Below the table with the results is reported.
As we can see in this case the results suggest a convergence between the different analyzes, only those carried out with the DPL and Sentix seem to produce less accurate classifications. Between 41-44% of cases were assigned correctly, the most accurately assigned reviews were the negative ones, followed by the positive and neutral ones. We can say that the analyzes carried out with ItalWordNet and Subjectivity Lexicon have produced better results, perhaps because the transformation of the information contained in Sentix and DPL, from quantitative to qualitative, has distorted their characteristics, certainly leading to a loss of information.

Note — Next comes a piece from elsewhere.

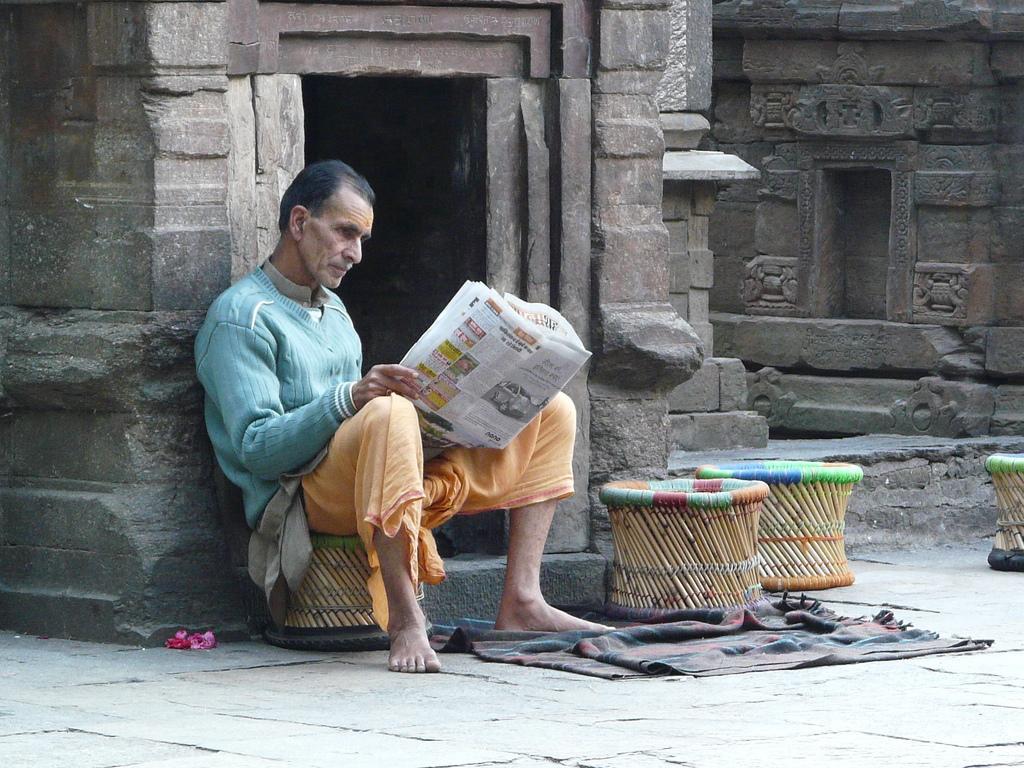Describe this image in one or two sentences. In the center of the image we can see a man sitting and holding a newspaper in his hand. There are stools. In the background we can see a building. At the bottom there is a blanket.

The results show differences in the polarity classification based on the different dictionaries. Obviously the extent of the discrepancies depends on who are the subjects of the comparison, in fact Sentix and DPL are similar to each other and the same thing applies for ItalWordNet and Subjectivity Lexicon. The differences regarding the prediction quality are less evident, the results however favor the approach with some dictionaries, but we can't make a clear preference out of it. Surely the study can be improved from different points of view, starting from the amount of data collected and their variety both in terms of source (Twitter, Facebook, Amazon) and context (politics, electronics). This addition would certainly lead to greater extensibility of the results obtained, but also to greater reliability. Another critical point concerns the transformation of the information from quantitative to qualitative. This has led to a loss of information, but also to a potentially inaccurate classification.